[Slony1-general] CESTERROR remoteListenThread_1: timeout (300 s) for event selection

Wed May 25 08:01:32 PDT 2011

On Wed, May 25, 2011 at 7:43 AM, Ger Timmens <Ger.Timmens at adyen.com> wrote:
> We are replicating a 500Gb database from postgresql 8.3 to
> postgresql 9.0 using slony1-2.0.6.
>
> We got the following error in our slon logs during the copy set of
> one of the bigger tables:
>
> CESTERROR  remoteListenThread_1: timeout (300 s) for event selection
>
> The documentation:
>
>    ERROR: remoteListenThread_%d: timeout for event selection
>
>    This means that the listener thread (src/slon/remote_listener.c)
> timed out when trying to determine what events were outstanding for it.
>
>    This could occur because network connections broke, in which
> case restarting the slon might help.
>
>    Alternatively, this might occur because the slon for this node
> has been broken for a long time, and there are an enormous number of
> entries in sl_event on this or other nodes for the node to work
> through, and it is taking more than slon_conf_remote_listen_timeout
> seconds to run the query. In older versions of Slony-I, that
> configuration parameter did not exist; the timeout was fixed at 300
> seconds. In newer versions, you might increase that timeout in the
> slon config file to a larger value so that it can continue to
> completion. And then investigate why nobody was monitoring things
> such that replication broke for such a long time...
>
> Replication seems to continue fine after this error.
> Is it save to continue ?
> Or should we start from scratch ?
> If so what do we have to do to prevent this error from happening again ?

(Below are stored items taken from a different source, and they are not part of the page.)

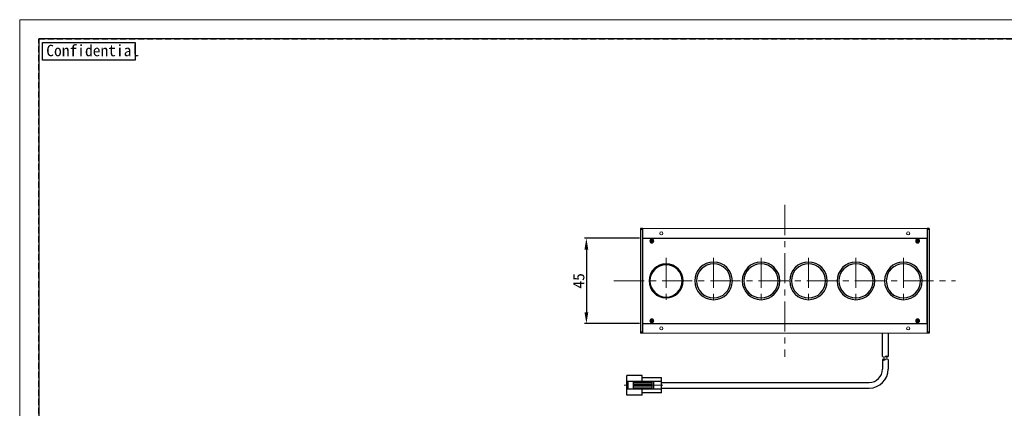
# Model space of a CAD drawing. Header units: millimetres. Extents: x -201 to 202, y 143 to 428.
# Tile 2 of 9: x -201 to 58, y 325 to 428. Entities that reach past the tile are written whole.
import ezdxf

# ---------------------------------------------------------------- set-up
doc = ezdxf.new("R2010")
doc.units = ezdxf.units.MM
doc.header["$LTSCALE"] = 0.25
doc.linetypes.add('CENTER', pattern=[50.8, 31.75, -6.35, 6.35, -6.35])
doc.linetypes.add('HIDDEN', pattern=[9.525, 6.35, -3.175])
for name, color, linetype, lineweight in [('BASE', 7, 'Continuous', 20), ('CENTER', 1, 'CENTER', 15), ('DIMENSION', 6, 'Continuous', 9)]:
    doc.layers.add(name, color=color, linetype=linetype, lineweight=lineweight)
for name, color, linetype in [('CABLE 3P', 7, 'Continuous'), ('F-PANEL', 52, 'Continuous'), ('FORM', 7, 'Continuous'), ('LENS', 140, 'Continuous'), ('MXB0115', 96, 'Continuous'), ('SIDEPANEL 2', 30, 'Continuous')]:
    doc.layers.add(name, color=color, linetype=linetype)
doc.layers.add('EMPTY LINE', color=252, linetype='Continuous', lineweight=0, plot=False)
doc.styles.add('VS Standard', font='msgothic.ttc', dxfattribs={"height": 3})
doc.dimstyles.new('VS Standard x0.5', dxfattribs={"dimtxt": 3, "dimasz": 3, "dimexe": 0.5, "dimexo": 0.8, "dimgap": 0.5, "dimtad": 3, "dimlfac": 2, "dimrnd": 0.0001, "dimzin": 9, "dimdsep": 46, "dimtxsty": 'VS Standard', "dimcen": 0, "dimaunit": 1, "dimadec": 0, "dimazin": 2, "dimtfac": 1, "dimtmove": 0, "dimatfit": 3, "dimfxl": 1, "dimtolj": 1, "dimtzin": 0, "dimarcsym": 0})

# ---------------------------------------------------------------- blocks, each defined once
blk = doc.blocks.new('*D92')
at = {"layer": 'Defpoints', "color": 0}
for p in [(-37.5, 370.25), (-52.25, 347.75), (-37.5, 347.75)]:
    blk.add_point(p, dxfattribs=at)
at = {"layer": 'DIMENSION', "color": 0, "lineweight": -2}
for p, q in [((-38.3, 370.25), (-52.75, 370.25)), ((-52.25, 367.25), (-52.25, 350.75)), ((-38.3, 347.75), (-52.75, 347.75))]:
    blk.add_line(p, q, dxfattribs=at)
at = {"layer": 'DIMENSION', "color": 0}
for points in [[(-51.75, 367.25), (-52.75, 367.25), (-52.25, 370.25)], [(-52.75, 350.75), (-51.75, 350.75), (-52.25, 347.75)]]:
    blk.add_solid(points, dxfattribs=at)
at = {"layer": 'DIMENSION', "color": 0, "insert": (-54.26, 359), "char_height": 3, "attachment_point": 5, "rotation": 90, "style": 'VS Standard'}
blk.add_mtext('\\A1;45', dxfattribs=at)

msp = doc.modelspace()

# ---------------------------------------------------------------- linework, layer by layer
at = {"layer": 'BASE', "color": 7}
for p, q in [((37.5, 372.75), (-37.5, 372.75)), ((-37.5, 345.25), (-37.5, 372.75)), ((37.5, 345.25), (37.5, 372.75)), ((37.5, 370.25), (-37.5, 370.25)), ((37.5, 347.75), (-37.5, 347.75)), ((37.5, 345.25), (-37.5, 345.25))]:
    msp.add_line(p, q, dxfattribs=at)
for centre in [(-32.5, 371.5), (32.5, 371.5), (-32.5, 346.5), (32.5, 346.5)]:
    msp.add_circle(centre, 0.4, dxfattribs=at)
at = {"layer": 'CABLE 3P', "color": 7}
for p, q in [((25.75, 339.0572), (25.75, 345.25)), ((27.25, 345.25), (27.25, 339.0572)), ((25.75, 338.2756), (25.75, 335.7626)), ((25.75, 338.2756), (25.75, 335.7626)), ((27.25, 338.2756), (27.25, 335.7626)), ((27.25, 338.2756), (27.25, 335.7626)), ((-41.5826, 328.8876), (-41.5826, 334.1376)), ((-37.5826, 334.1376), (-41.5826, 334.1376)), ((-41.5826, 328.8876), (-41.5826, 334.1376)), ((-37.5826, 334.1376), (-41.5826, 334.1376)), ((-32.4826, 332.5126), (-41.5826, 332.5126)), ((-32.4826, 332.5126), (-41.5826, 332.5126)), ((-41.216, 330.5126), (-41.216, 332.5126)), ((-41.216, 330.5126), (-41.216, 332.5126)), ((-39.821, 330.5126), (-39.821, 332.5126)), ((-39.821, 330.5126), (-39.821, 332.5126)), ((-34.9164, 332.2809), (-39.821, 332.2809)), ((-34.9164, 332.2809), (-39.821, 332.2809)), ((-37.5826, 332.5126), (-37.5826, 334.1376)), ((-37.5826, 332.5126), (-37.5826, 334.1376)), ((-32.4826, 333.5126), (-37.5826, 333.5126)), ((-32.4826, 333.5126), (-37.5826, 333.5126)), ((-34.9164, 330.5126), (-34.9164, 332.5126)), ((-34.9164, 330.5126), (-34.9164, 332.5126)), ((-34.471, 330.5126), (-34.471, 332.5126)), ((-34.471, 330.5126), (-34.471, 332.5126)), ((-32.4826, 329.5126), (-32.4826, 333.5126)), ((-32.4826, 329.5126), (-32.4826, 333.5126)), ((-32.4826, 332.2626), (-14.0674, 332.2626)), ((-32.4826, 332.2626), (22.25, 332.2626)), ((-32.4826, 330.5126), (-41.5826, 330.5126)), ((-32.4826, 330.5126), (-41.5826, 330.5126)), ((-34.9164, 331.7818), (-39.821, 331.7818)), ((-34.9164, 331.7818), (-39.821, 331.7818)), ((-34.9164, 331.2435), (-39.821, 331.2435)), ((-34.9164, 331.2435), (-39.821, 331.2435)), ((-34.9164, 330.7443), (-39.821, 330.7443)), ((-34.9164, 330.7443), (-39.821, 330.7443)), ((-37.5826, 328.8876), (-37.5826, 330.5126)), ((-37.5826, 328.8876), (-37.5826, 330.5126)), ((-32.4826, 329.5126), (-37.5826, 329.5126)), ((-32.4826, 329.5126), (-37.5826, 329.5126)), ((-32.4826, 330.7626), (-14.0674, 330.7626)), ((-32.4826, 330.7626), (22.25, 330.7626)), ((-37.5826, 328.8876), (-41.5826, 328.8876)), ((-37.5826, 328.8876), (-41.5826, 328.8876))]:
    msp.add_line(p, q, dxfattribs=at)
for centre, radius, start, end in [((26.125, 339.6572), 0.7075, 237.994617, 302.005383), ((26.125, 337.6756), 0.7075, 57.994617, 122.005383), ((26.125, 337.6756), 0.7075, 57.994617, 122.005383), ((26.125, 338.8756), 0.7075, 237.994617, 302.005383), ((26.125, 338.8756), 0.7075, 237.994617, 302.005383), ((26.875, 338.4572), 0.7075, 57.994617, 122.005383), ((26.875, 339.6572), 0.7075, 237.994617, 302.005383), ((26.875, 337.6756), 0.7075, 57.994617, 122.005383), ((26.875, 337.6756), 0.7075, 57.994617, 122.005383), ((22.25, 335.7626), 5, 270, 0), ((22.25, 335.7626), 3.5, 270, 0)]:
    msp.add_arc(centre, radius, start, end, dxfattribs=at)
at = {"layer": 'CENTER'}
for p, q in [((0, 379), (0, 339)), ((-31.25, 365.1043), (-31.25, 352.8957)), ((-18.75, 365.1043), (-18.75, 352.8957)), ((-6.25, 365.1043), (-6.25, 352.8957)), ((6.25, 365.1043), (6.25, 352.8957)), ((18.75, 365.1043), (18.75, 352.8957)), ((31.25, 365.1043), (31.25, 352.8957)), ((-45, 359), (45, 359)), ((-32.0981, 331.5126), (-42.3197, 331.5126))]:
    msp.add_line(p, q, dxfattribs=at)
at = {"layer": 'EMPTY LINE'}
for p, q in [((-201.5, 427.75), (-201.5, 142.75)), ((201.5, 427.75), (-201.5, 427.75))]:
    msp.add_line(p, q, dxfattribs=at)
at = {"layer": 'F-PANEL', "color": 7}
for p, q in [((37.5, 370.2), (-37.5, 370.2)), ((-37.5, 370.2), (-37.5, 347.8)), ((37.5, 347.8), (37.5, 370.2)), ((-37.5, 347.8), (37.5, 347.8))]:
    msp.add_line(p, q, dxfattribs=at)
at = {"layer": 'F-PANEL', "color": 7, "extrusion": (0, 0, -1)}
for centre in [(31.25, 359), (18.75, 359), (6.25, 359), (-6.25, 359), (-18.75, 359), (-31.25, 359)]:
    msp.add_circle(centre, 4.5, dxfattribs=at)
at = {"layer": 'FORM', "linetype": 'HIDDEN'}
msp.add_lwpolyline([(-196.5, 422.75), (196.5, 422.75), (196.5, 147.75), (-196.5, 147.75)], close=True, dxfattribs=at)
at = {"layer": 'FORM'}
msp.add_lwpolyline([(-196.5, 422.75), (-196.5, 147.75), (-78.5, 147.75), (-78.5, 159.75), (16.5, 159.75), (16.5, 177.25), (196.5, 177.25), (196.5, 422.75), (-196.5, 422.75)], close=True, dxfattribs=at)
at = {"layer": 'FORM', "lineweight": 30}
msp.add_lwpolyline([(-195.5, 421.75), (-171.1092, 421.75), (-171.1092, 417.0878), (-195.5, 417.0878)], close=True, dxfattribs=at)
at = {"layer": 'LENS', "color": 7}
for centre, radius, start, end in [((-31.25, 359), 4.25, 90, 270), ((-31.25, 359), 4.25, 270, 90), ((-18.75, 359), 4.95, 90, 270), ((-18.75, 359), 4.95, 270, 90), ((-6.25, 359), 4.95, 90, 270), ((-6.25, 359), 4.95, 270, 90), ((6.25, 359), 4.95, 90, 270), ((6.25, 359), 4.95, 270, 90), ((18.75, 359), 4.95, 90, 270), ((18.75, 359), 4.95, 270, 90), ((31.25, 359), 4.95, 90, 270), ((31.25, 359), 4.95, 270, 90)]:
    msp.add_arc(centre, radius, start, end, dxfattribs=at)
at = {"layer": 'MXB0115', "color": 7}
for p, q in [((-35.3753, 369.5735), (-35.0753, 369.5747)), ((-35.3234, 369.522), (-35.3753, 369.5735)), ((-35.3747, 369.4235), (-35.3753, 369.5735)), ((-35.3233, 369.4753), (-35.3747, 369.4235)), ((-35.0747, 369.4247), (-35.3747, 369.4235)), ((-35.3234, 369.522), (-35.0234, 369.5233)), ((-35.3233, 369.4753), (-35.3234, 369.522)), ((-35.0233, 369.4766), (-35.3233, 369.4753)), ((-35.0765, 369.8747), (-34.9265, 369.8753)), ((-35.0247, 369.8233), (-35.0765, 369.8747)), ((-35.0753, 369.5747), (-35.0765, 369.8747)), ((-35.0234, 369.5233), (-35.0753, 369.5747)), ((-35.0233, 369.4766), (-35.0747, 369.4247)), ((-35.0735, 369.1247), (-35.0747, 369.4247)), ((-35.022, 369.1766), (-35.0735, 369.1247)), ((-34.9235, 369.1253), (-35.0735, 369.1247)), ((-35.0247, 369.8233), (-34.978, 369.8234)), ((-35.0234, 369.5233), (-35.0247, 369.8233)), ((-35.022, 369.1766), (-35.0233, 369.4766)), ((-34.9753, 369.1767), (-35.022, 369.1766)), ((-34.978, 369.8234), (-34.9265, 369.8753)), ((-34.978, 369.8234), (-34.9767, 369.5234)), ((-34.9767, 369.5234), (-34.9253, 369.5753)), ((-34.9767, 369.5234), (-34.6767, 369.5247)), ((-34.6766, 369.478), (-34.9766, 369.4767)), ((-34.9766, 369.4767), (-34.9247, 369.4253)), ((-34.9766, 369.4767), (-34.9753, 369.1767)), ((-34.9753, 369.1767), (-34.9235, 369.1253)), ((-34.9265, 369.8753), (-34.9253, 369.5753)), ((-34.9253, 369.5753), (-34.6253, 369.5765)), ((-34.6247, 369.4265), (-34.9247, 369.4253)), ((-34.9247, 369.4253), (-34.9235, 369.1253)), ((-34.6253, 369.5765), (-34.6767, 369.5247)), ((-34.6767, 369.5247), (-34.6766, 369.478)), ((-34.6766, 369.478), (-34.6247, 369.4265)), ((-34.6253, 369.5765), (-34.6247, 369.4265)), ((34.6247, 369.5735), (34.9247, 369.5747)), ((34.6766, 369.522), (34.6247, 369.5735)), ((34.6253, 369.4235), (34.6247, 369.5735)), ((34.6767, 369.4753), (34.6253, 369.4235)), ((34.9253, 369.4247), (34.6253, 369.4235)), ((34.6766, 369.522), (34.9766, 369.5233)), ((34.6767, 369.4753), (34.6766, 369.522)), ((34.9767, 369.4766), (34.6767, 369.4753)), ((34.9235, 369.8747), (35.0735, 369.8753)), ((34.9753, 369.8233), (34.9235, 369.8747)), ((34.9247, 369.5747), (34.9235, 369.8747)), ((34.9766, 369.5233), (34.9247, 369.5747)), ((34.9767, 369.4766), (34.9253, 369.4247)), ((34.9265, 369.1247), (34.9253, 369.4247)), ((34.978, 369.1766), (34.9265, 369.1247)), ((35.0765, 369.1253), (34.9265, 369.1247)), ((34.9753, 369.8233), (35.022, 369.8234)), ((34.9766, 369.5233), (34.9753, 369.8233)), ((34.978, 369.1766), (34.9767, 369.4766)), ((35.0247, 369.1767), (34.978, 369.1766)), ((35.022, 369.8234), (35.0735, 369.8753)), ((35.022, 369.8234), (35.0233, 369.5234)), ((35.0233, 369.5234), (35.0747, 369.5753)), ((35.0233, 369.5234), (35.3233, 369.5247)), ((35.3234, 369.478), (35.0234, 369.4767)), ((35.0234, 369.4767), (35.0753, 369.4253)), ((35.0234, 369.4767), (35.0247, 369.1767)), ((35.0247, 369.1767), (35.0765, 369.1253)), ((35.0735, 369.8753), (35.0747, 369.5753)), ((35.0747, 369.5753), (35.3747, 369.5765)), ((35.3753, 369.4265), (35.0753, 369.4253)), ((35.0753, 369.4253), (35.0765, 369.1253)), ((35.3747, 369.5765), (35.3233, 369.5247)), ((35.3233, 369.5247), (35.3234, 369.478)), ((35.3234, 369.478), (35.3753, 369.4265)), ((35.3747, 369.5765), (35.3753, 369.4265)), ((-35.3753, 348.5735), (-35.0753, 348.5747)), ((-35.3234, 348.522), (-35.3753, 348.5735)), ((-35.3747, 348.4235), (-35.3753, 348.5735)), ((-35.3233, 348.4753), (-35.3747, 348.4235)), ((-35.0747, 348.4247), (-35.3747, 348.4235)), ((-35.3234, 348.522), (-35.0234, 348.5233)), ((-35.3233, 348.4753), (-35.3234, 348.522)), ((-35.0233, 348.4766), (-35.3233, 348.4753)), ((-35.0765, 348.8747), (-34.9265, 348.8753)), ((-35.0247, 348.8233), (-35.0765, 348.8747)), ((-35.0753, 348.5747), (-35.0765, 348.8747)), ((-35.0234, 348.5233), (-35.0753, 348.5747)), ((-35.0233, 348.4766), (-35.0747, 348.4247)), ((-35.0735, 348.1247), (-35.0747, 348.4247)), ((-35.022, 348.1766), (-35.0735, 348.1247)), ((-34.9235, 348.1253), (-35.0735, 348.1247)), ((-35.0247, 348.8233), (-34.978, 348.8234)), ((-35.0234, 348.5233), (-35.0247, 348.8233)), ((-35.022, 348.1766), (-35.0233, 348.4766)), ((-34.9753, 348.1767), (-35.022, 348.1766)), ((-34.978, 348.8234), (-34.9265, 348.8753)), ((-34.978, 348.8234), (-34.9767, 348.5234)), ((-34.9767, 348.5234), (-34.9253, 348.5753)), ((-34.9767, 348.5234), (-34.6767, 348.5247)), ((-34.6766, 348.478), (-34.9766, 348.4767)), ((-34.9766, 348.4767), (-34.9247, 348.4253)), ((-34.9766, 348.4767), (-34.9753, 348.1767)), ((-34.9753, 348.1767), (-34.9235, 348.1253)), ((-34.9265, 348.8753), (-34.9253, 348.5753)), ((-34.9253, 348.5753), (-34.6253, 348.5765)), ((-34.6247, 348.4265), (-34.9247, 348.4253)), ((-34.9247, 348.4253), (-34.9235, 348.1253)), ((-34.6253, 348.5765), (-34.6767, 348.5247)), ((-34.6767, 348.5247), (-34.6766, 348.478)), ((-34.6766, 348.478), (-34.6247, 348.4265)), ((-34.6253, 348.5765), (-34.6247, 348.4265)), ((34.6247, 348.5735), (34.9247, 348.5747)), ((34.6766, 348.522), (34.6247, 348.5735)), ((34.6253, 348.4235), (34.6247, 348.5735)), ((34.6767, 348.4753), (34.6253, 348.4235)), ((34.9253, 348.4247), (34.6253, 348.4235)), ((34.6766, 348.522), (34.9766, 348.5233)), ((34.6767, 348.4753), (34.6766, 348.522)), ((34.9767, 348.4766), (34.6767, 348.4753)), ((34.9235, 348.8747), (35.0735, 348.8753)), ((34.9753, 348.8233), (34.9235, 348.8747)), ((34.9247, 348.5747), (34.9235, 348.8747)), ((34.9766, 348.5233), (34.9247, 348.5747)), ((34.9767, 348.4766), (34.9253, 348.4247)), ((34.9265, 348.1247), (34.9253, 348.4247)), ((34.978, 348.1766), (34.9265, 348.1247)), ((35.0765, 348.1253), (34.9265, 348.1247)), ((34.9753, 348.8233), (35.022, 348.8234)), ((34.9766, 348.5233), (34.9753, 348.8233)), ((34.978, 348.1766), (34.9767, 348.4766)), ((35.0247, 348.1767), (34.978, 348.1766)), ((35.022, 348.8234), (35.0735, 348.8753)), ((35.022, 348.8234), (35.0233, 348.5234)), ((35.0233, 348.5234), (35.0747, 348.5753)), ((35.0233, 348.5234), (35.3233, 348.5247)), ((35.3234, 348.478), (35.0234, 348.4767)), ((35.0234, 348.4767), (35.0753, 348.4253)), ((35.0234, 348.4767), (35.0247, 348.1767)), ((35.0247, 348.1767), (35.0765, 348.1253)), ((35.0735, 348.8753), (35.0747, 348.5753)), ((35.0747, 348.5753), (35.3747, 348.5765)), ((35.3753, 348.4265), (35.0753, 348.4253)), ((35.0753, 348.4253), (35.0765, 348.1253)), ((35.3747, 348.5765), (35.3233, 348.5247)), ((35.3233, 348.5247), (35.3234, 348.478)), ((35.3234, 348.478), (35.3753, 348.4265)), ((35.3747, 348.5765), (35.3753, 348.4265))]:
    msp.add_line(p, q, dxfattribs=at)
for centre, start, end in [((-35, 369.5), 0.231639, 180.231639), ((-35, 369.5), 180.231639, 0.231639), ((35, 369.5), 0.231639, 180.231639), ((35, 369.5), 180.231639, 0.231639), ((-35, 348.5), 0.231639, 180.231639), ((-35, 348.5), 180.231639, 0.231639), ((35, 348.5), 0.231639, 180.231639), ((35, 348.5), 180.231639, 0.231639)]:
    msp.add_arc(centre, 0.5, start, end, dxfattribs=at)
at = {"layer": 'SIDEPANEL 2', "color": 7, "extrusion": (0, 0, -1)}
for p, q in [((-38, 372.75), (-38, 372.5)), ((-37.5, 372.75), (-38, 372.75)), ((-38, 372.5), (-38, 345.5)), ((-37.5, 372.5), (-38, 372.5)), ((-37.5, 372.75), (-37.5, 372.5)), ((-37.5, 372.5), (-37.5, 345.5)), ((37.5, 372.75), (37.5, 372.5)), ((38, 372.75), (37.5, 372.75)), ((37.5, 372.5), (37.5, 345.5)), ((38, 372.5), (37.5, 372.5)), ((38, 372.75), (38, 372.5)), ((38, 372.5), (38, 345.5)), ((-38, 345.5), (-38, 345.25)), ((-37.5, 345.5), (-38, 345.5)), ((-37.5, 345.25), (-38, 345.25)), ((-37.5, 345.5), (-37.5, 345.25)), ((37.5, 345.5), (37.5, 345.25)), ((38, 345.5), (37.5, 345.5)), ((38, 345.25), (37.5, 345.25)), ((38, 345.5), (38, 345.25))]:
    msp.add_line(p, q, dxfattribs=at)

# ---------------------------------------------------------------- texts
at = {"layer": 'FORM', "lineweight": 30, "insert": (-194.506, 421.1386), "char_height": 3, "attachment_point": 1, "style": 'VS Standard'}
msp.add_mtext_dynamic_manual_height_columns('Confidential', width=3, gutter_width=15, heights=[0], dxfattribs=at)

# ---------------------------------------------------------------- dimensions: what is measured, and where the dimension line sits
at = {"layer": 'DIMENSION'}
dim = msp.add_linear_dim(base=(-52.2545, 347.75), p1=(-37.5, 370.25), p2=(-37.5, 347.75), angle=90, dimstyle='VS Standard x0.5', dxfattribs=at)
dim.commit()
dim.dimension.update_dxf_attribs({"geometry": '*D92', "text_midpoint": (-54.2551, 359)})

doc.saveas('drawing.dxf')

Well, the documentation indicates that this error tends to come up for
two reasons:

a) Because there was some sort of network glitch, or
b) Because some kind of misconfiguration left the cluster behind by
some stupendous number of events.

I think you encountered a), since the error didn't persist.

As such, I'd chalk it up to "network glitch," and while there may be
some value in doing a network investigation as to why such things
might be happening to you, it's not particularly important to
replication itself.  You shouldn't have any ongoing problem.